Andi Irfan

Personal information
- Date of birth: 25 May 2001 (age 25)
- Place of birth: Polewali Mandar, Indonesia
- Height: 1.61 m (5 ft 3 in)
- Position: Winger

Team information
- Current team: PSIM Yogyakarta
- Number: 17

Youth career
- 2016–2017: Tiga Naga
- 2018: Bhayangkara

Senior career*
- Years: Team / Apps / (Gls)
- 2019–2022: Tiga Naga / 9 / (0)
- 2022–2023: Karo United / 2 / (1)
- 2023–2024: RANS Nusantara / 27 / (1)
- 2024–2025: Madura United / 27 / (5)
- 2025–: PSIM Yogyakarta / 14 / (1)

International career^{‡}
- 2020: Indonesia U20 / 3 / (0)

= Andi Irfan =

Indonesian footballer

Andi Irfan (born 25 May 2001) is an Indonesian professional footballer who plays as a winger for Super League club PSIM Yogyakarta.

==Club career==
Irfan signed for RANS Nusantara in Liga 1 ahead of the 2023–24 season. He made his debut on 3 July against Persikabo 1973 at the Maguwoharjo Stadium.

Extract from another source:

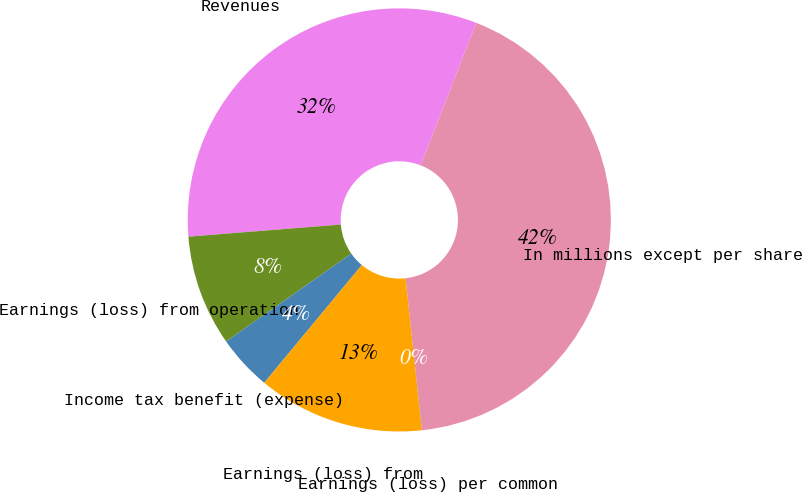Convert chart. <chart><loc_0><loc_0><loc_500><loc_500><pie_chart><fcel>In millions except per share<fcel>Revenues<fcel>Earnings (loss) from operation<fcel>Income tax benefit (expense)<fcel>Earnings (loss) from<fcel>Earnings (loss) per common<nl><fcel>42.37%<fcel>32.18%<fcel>8.48%<fcel>4.24%<fcel>12.72%<fcel>0.01%<nl></chart> 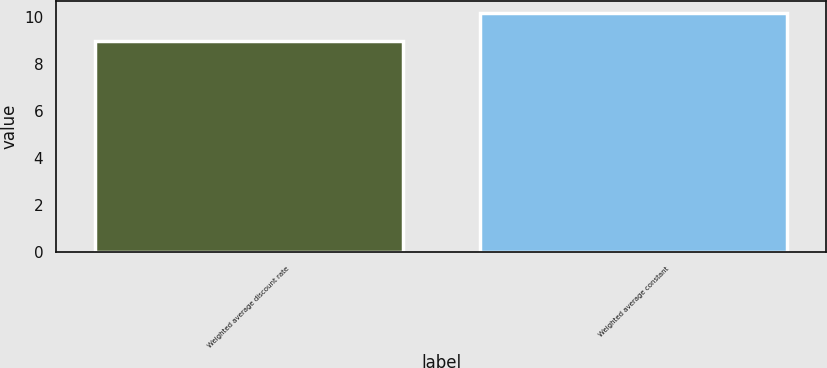<chart> <loc_0><loc_0><loc_500><loc_500><bar_chart><fcel>Weighted average discount rate<fcel>Weighted average constant<nl><fcel>9<fcel>10.2<nl></chart>

On 28 June 2025, Irfan officially signed with Liga 1 club PSIM Yogyakarta.

==International career==
In August 2020, Irfan was included on Indonesia national under-19 football team 30-man list for Training Center in Croatia. Irfan earned his first U-19 international cap on 5 September 2020 in 3–0 loss against Bulgaria.